→ **What is expected**
Among the entries, which lines carry the string "layout"? Copy every one.

→ **Material supplied**

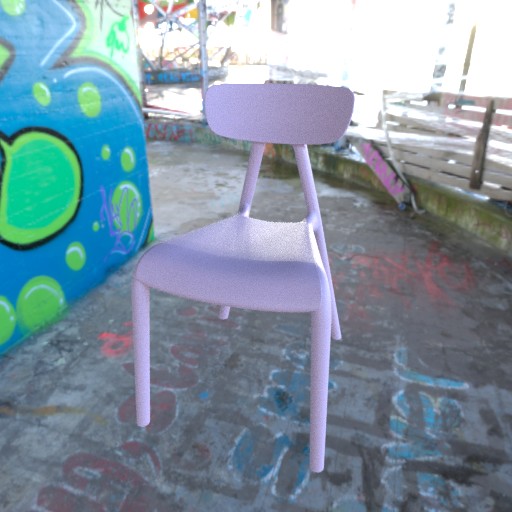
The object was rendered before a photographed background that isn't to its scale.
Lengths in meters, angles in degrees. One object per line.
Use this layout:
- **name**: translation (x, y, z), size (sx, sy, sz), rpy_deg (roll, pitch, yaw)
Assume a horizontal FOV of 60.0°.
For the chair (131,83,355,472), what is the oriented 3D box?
- **chair**: translation (0.000, 0.000, 0.835), size (0.356, 0.580, 0.401), rpy_deg (8, 27, 15)
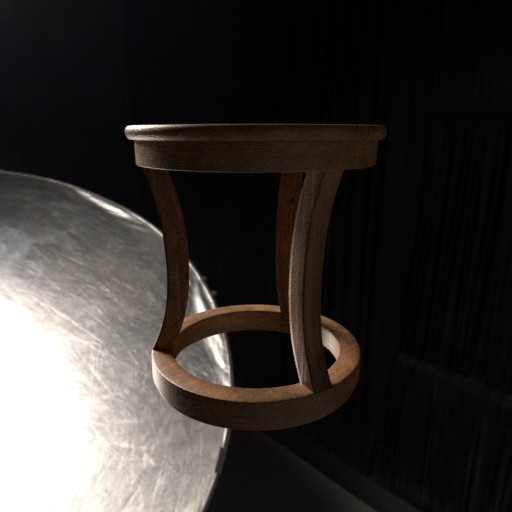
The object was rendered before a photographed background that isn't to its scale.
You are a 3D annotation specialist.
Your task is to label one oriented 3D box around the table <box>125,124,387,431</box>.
[{"bbox_3d":[0.000,0.000,0.819,0.432,0.460,0.432,0,16,0],"label":"table"}]
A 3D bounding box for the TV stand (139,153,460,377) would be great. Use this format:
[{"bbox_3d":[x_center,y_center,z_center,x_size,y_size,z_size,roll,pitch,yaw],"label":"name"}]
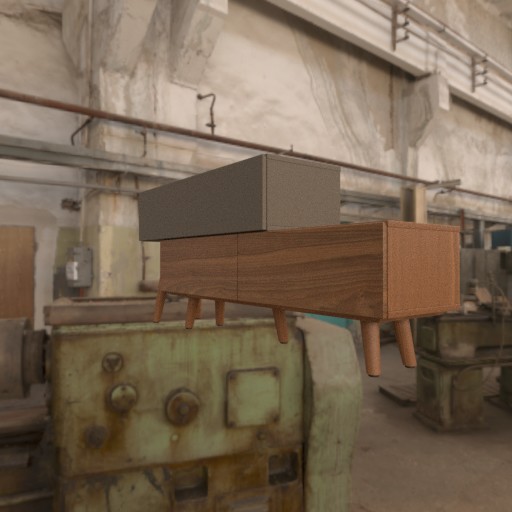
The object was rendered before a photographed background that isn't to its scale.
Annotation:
[{"bbox_3d":[0.000,0.000,1.574,0.329,0.591,1.336,0,-1,-37],"label":"TV stand"}]
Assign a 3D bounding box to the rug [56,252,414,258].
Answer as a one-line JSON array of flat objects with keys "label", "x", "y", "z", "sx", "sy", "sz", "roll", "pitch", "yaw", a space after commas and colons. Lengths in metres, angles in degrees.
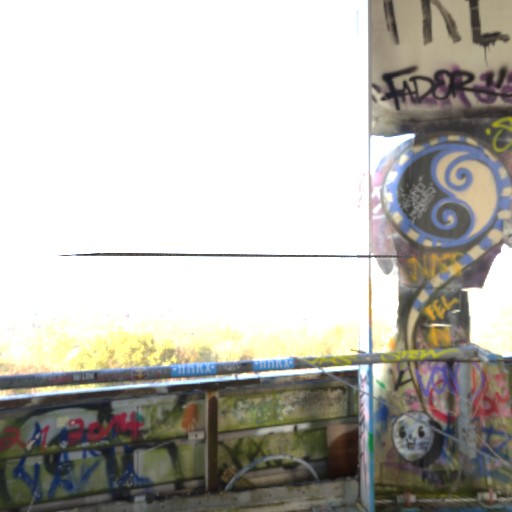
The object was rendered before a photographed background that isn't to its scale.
[{"label": "rug", "x": 0.000, "y": 0.000, "z": 2.858, "sx": 2.378, "sy": 0.018, "sz": 1.324, "roll": 0, "pitch": -1, "yaw": -17}]
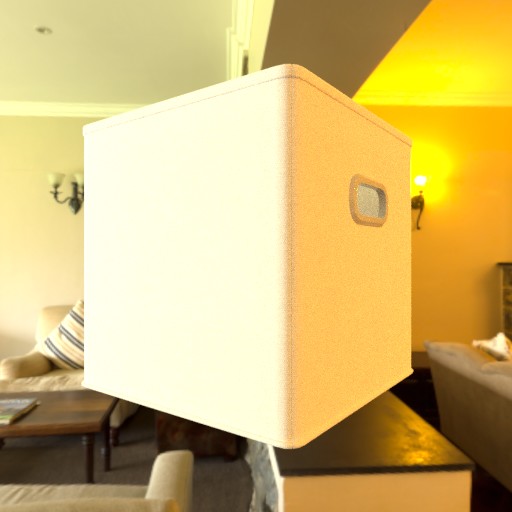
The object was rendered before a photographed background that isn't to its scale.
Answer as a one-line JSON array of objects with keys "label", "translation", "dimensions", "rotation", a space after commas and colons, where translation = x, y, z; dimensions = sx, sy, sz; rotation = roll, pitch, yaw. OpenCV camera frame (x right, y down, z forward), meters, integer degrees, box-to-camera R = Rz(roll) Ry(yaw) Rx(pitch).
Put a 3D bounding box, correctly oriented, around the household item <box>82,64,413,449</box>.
[{"label": "household item", "translation": [0.000, 0.000, 0.555], "dimensions": [0.305, 0.305, 0.305], "rotation": [0, 0, 37]}]
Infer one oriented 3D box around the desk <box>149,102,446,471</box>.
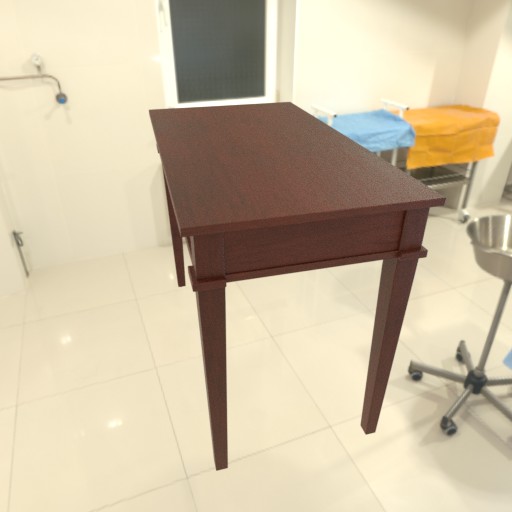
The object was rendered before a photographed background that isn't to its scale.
[{"bbox_3d":[0.000,0.000,1.464,0.549,0.762,1.001,-8,31,-13],"label":"desk"}]
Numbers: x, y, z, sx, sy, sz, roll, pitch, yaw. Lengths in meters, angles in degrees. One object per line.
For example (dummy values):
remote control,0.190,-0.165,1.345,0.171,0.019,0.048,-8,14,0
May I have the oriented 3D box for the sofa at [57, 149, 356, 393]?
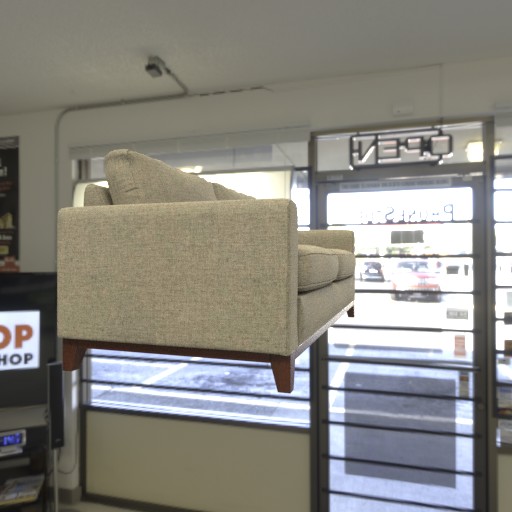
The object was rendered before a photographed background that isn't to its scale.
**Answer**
sofa,0.000,0.000,2.481,0.969,0.892,1.978,0,0,19
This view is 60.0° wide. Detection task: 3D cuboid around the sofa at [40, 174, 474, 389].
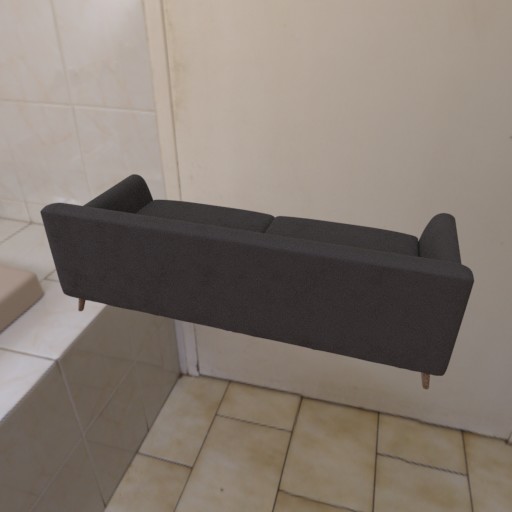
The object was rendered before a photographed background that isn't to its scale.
[{"bbox_3d":[0.000,0.000,2.648,2.190,0.740,0.900,9,32,15],"label":"sofa"}]
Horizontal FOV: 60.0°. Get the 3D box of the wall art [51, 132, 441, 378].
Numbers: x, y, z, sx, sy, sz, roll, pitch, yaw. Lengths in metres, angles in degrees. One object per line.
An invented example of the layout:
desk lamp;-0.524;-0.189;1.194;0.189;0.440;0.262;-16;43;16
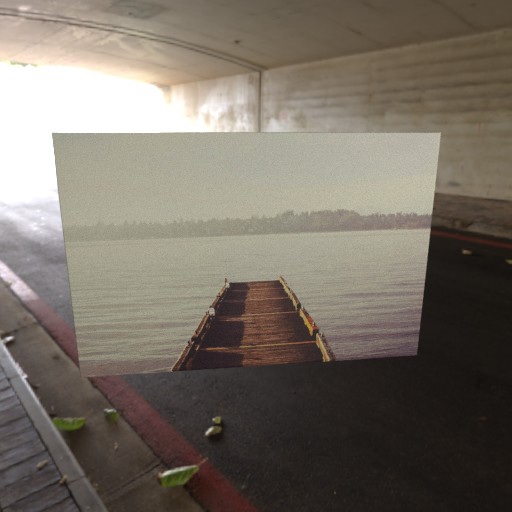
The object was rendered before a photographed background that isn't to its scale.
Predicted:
wall art;0.000;0.000;0.760;0.615;0.410;0.021;-2;16;-7
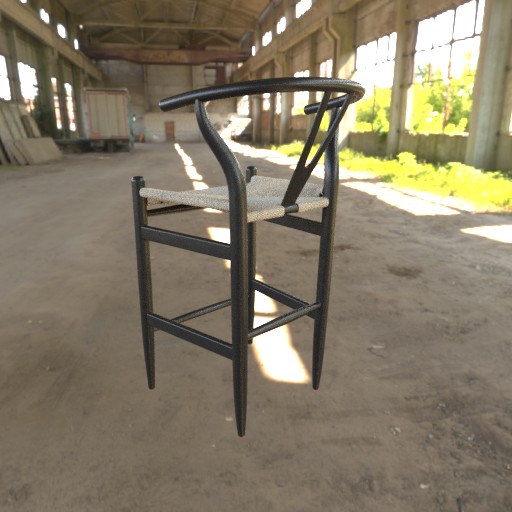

→ **Your solution**
Use this layout:
An invented example of the layout:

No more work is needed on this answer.